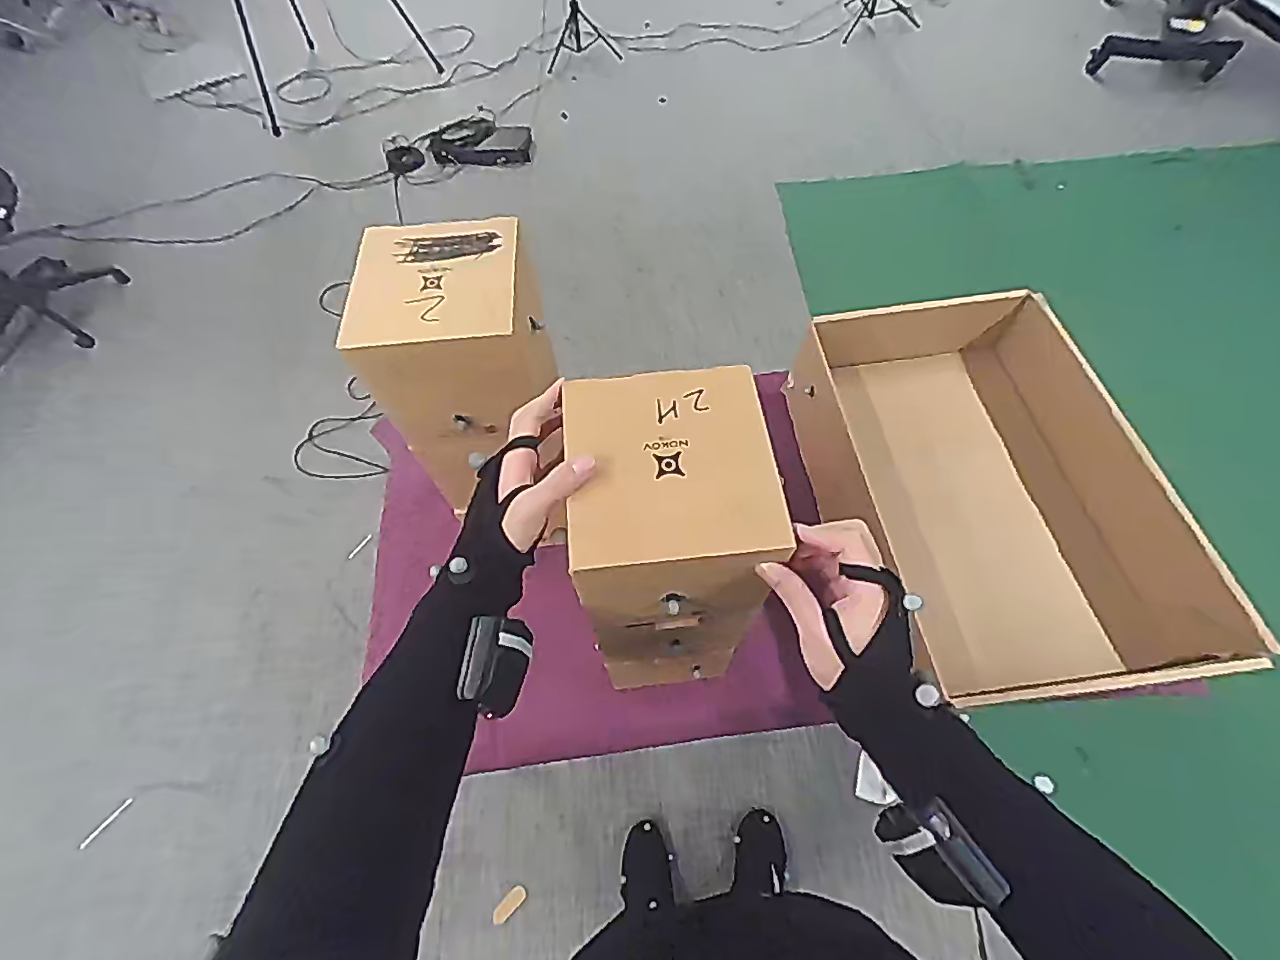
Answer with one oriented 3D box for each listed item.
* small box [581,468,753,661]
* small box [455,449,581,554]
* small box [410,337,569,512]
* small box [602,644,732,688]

● Task to complete
Working through the entries above, copy every line in which "small" is found.

● Finished task
* small box [581,468,753,661]
* small box [455,449,581,554]
* small box [410,337,569,512]
* small box [602,644,732,688]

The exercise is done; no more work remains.